*Provided records*:
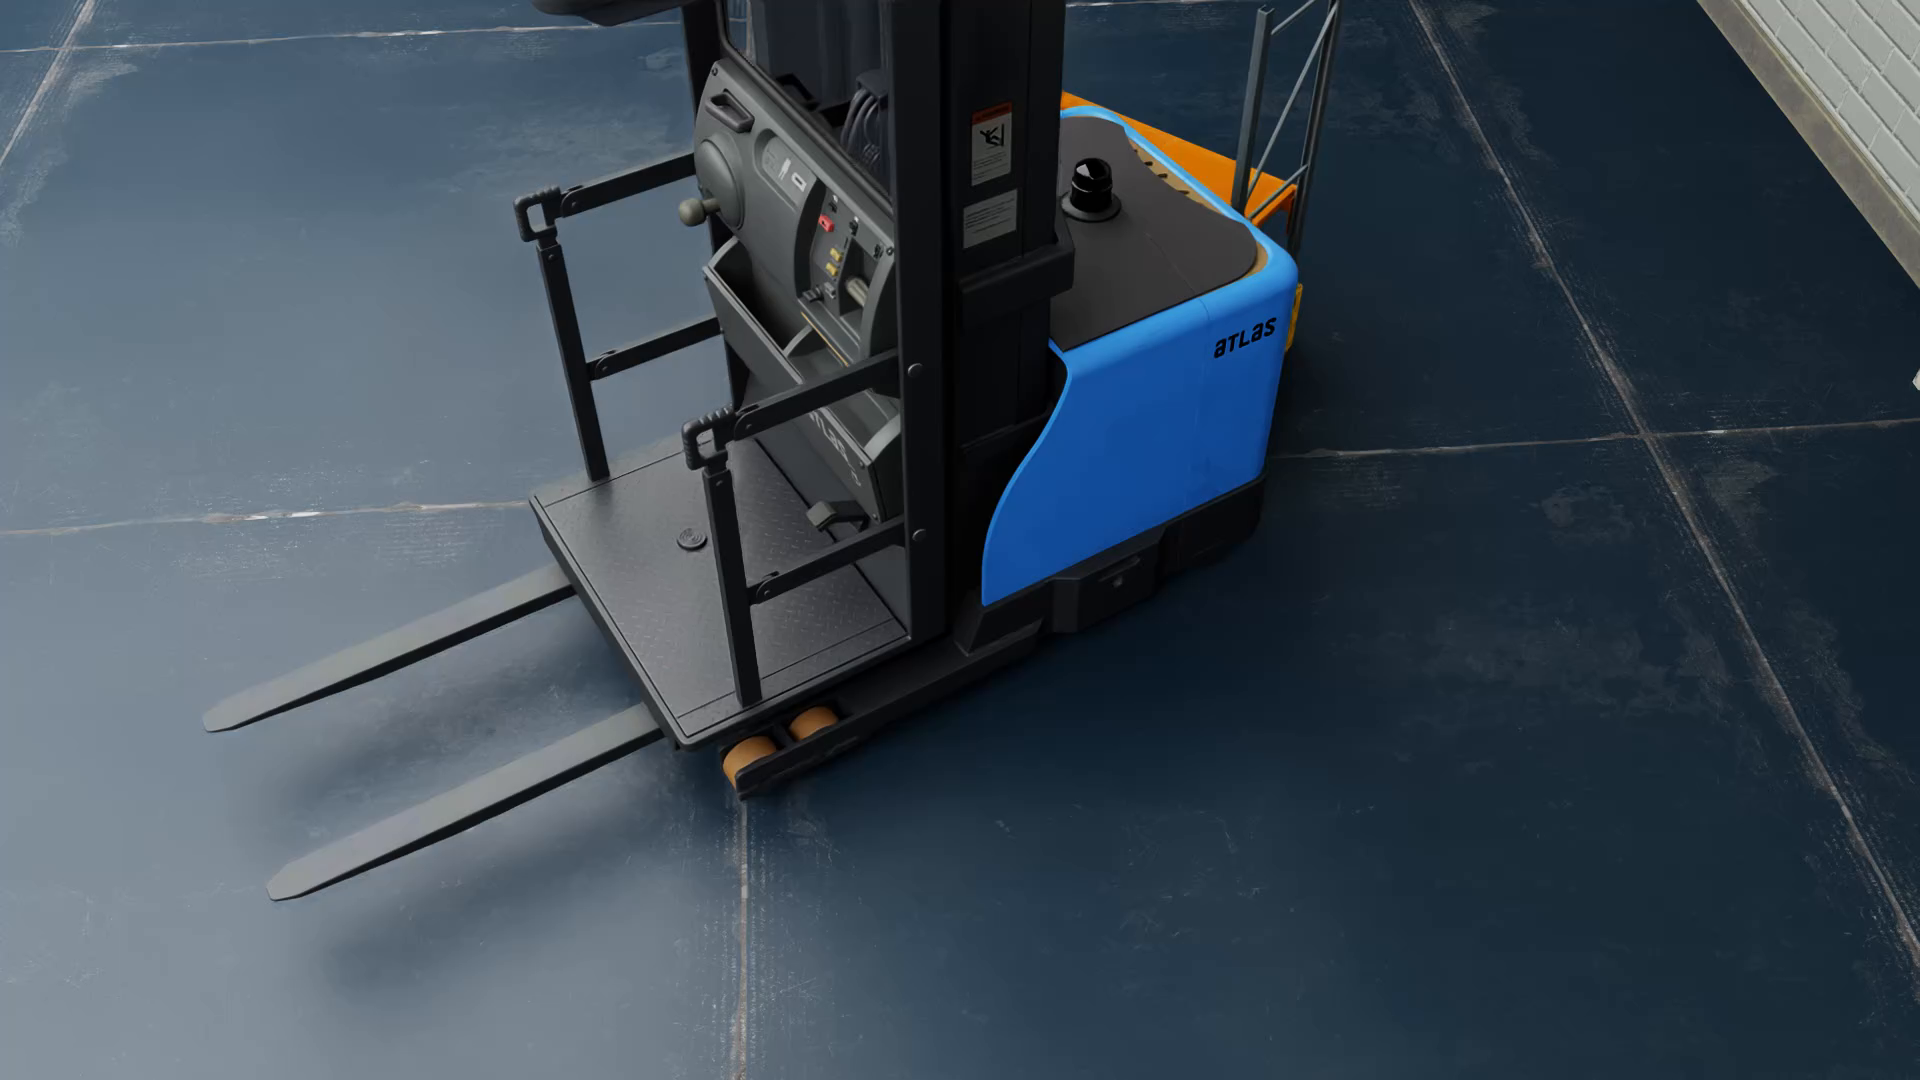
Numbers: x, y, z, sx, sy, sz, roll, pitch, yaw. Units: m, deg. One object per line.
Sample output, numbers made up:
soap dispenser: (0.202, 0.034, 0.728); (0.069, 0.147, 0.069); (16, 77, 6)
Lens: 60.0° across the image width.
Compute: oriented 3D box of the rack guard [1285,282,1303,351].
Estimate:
rack guard: (0.979, -0.643, 5.686); (0.087, 0.250, 0.587); (29, 53, 25)

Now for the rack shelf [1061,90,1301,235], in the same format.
rack shelf: (0.579, -1.175, 5.577); (1.000, 0.185, 0.538); (29, 53, 25)

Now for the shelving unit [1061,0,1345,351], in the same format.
shelving unit: (0.586, -1.294, 5.443); (1.083, 1.500, 0.587); (29, 53, 25)

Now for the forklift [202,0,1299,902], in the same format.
forklift: (-0.587, -0.749, 3.941); (3.031, 2.935, 1.130); (-24, 51, -21)

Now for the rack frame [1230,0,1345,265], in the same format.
rack frame: (0.980, -1.072, 5.232); (0.032, 1.500, 0.500); (29, 53, 25)
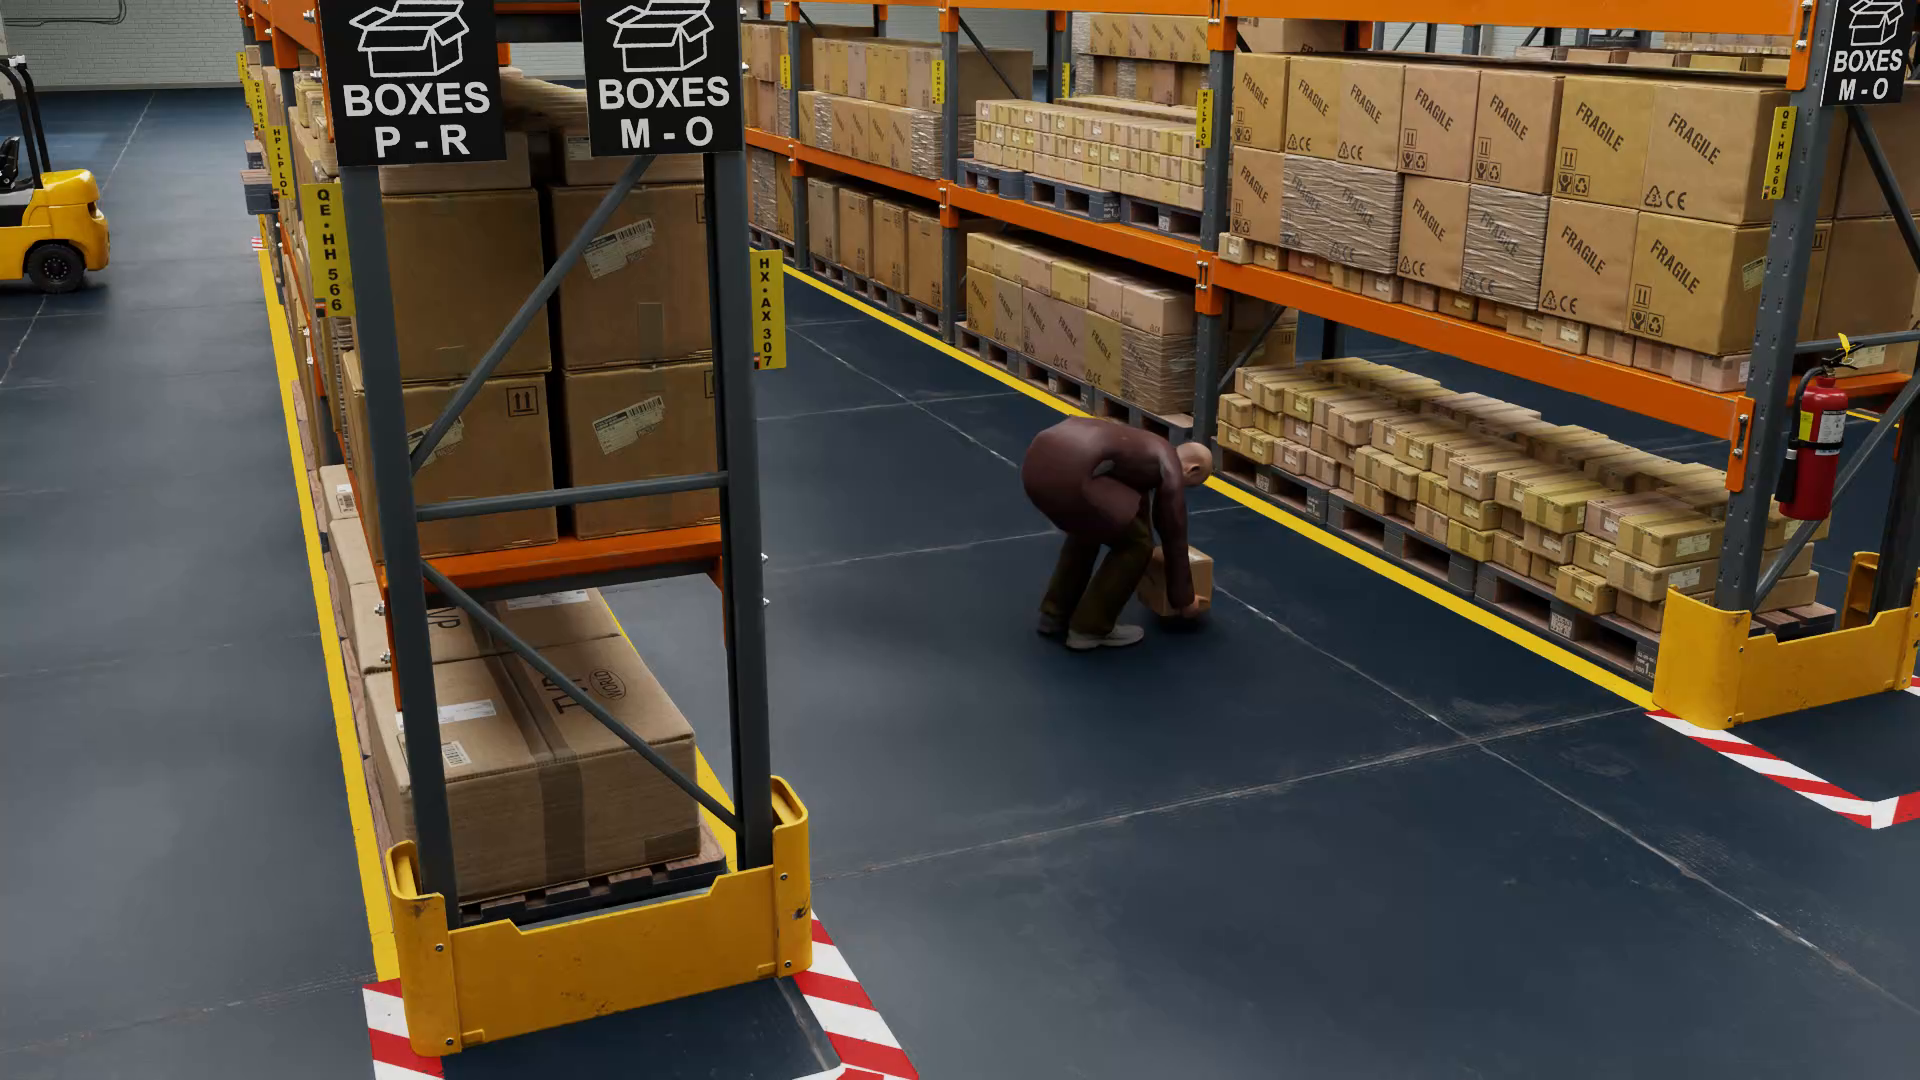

*What to do*: Restate word for word only the lines from the one with "Now for the rack frame" through the last line of the material, both included. Any picture should be left out.

*Solution*:
Now for the rack frame [1230,0,1345,265], in the same format.
rack frame: (0.980, -1.072, 5.232); (0.032, 1.500, 0.500); (29, 53, 25)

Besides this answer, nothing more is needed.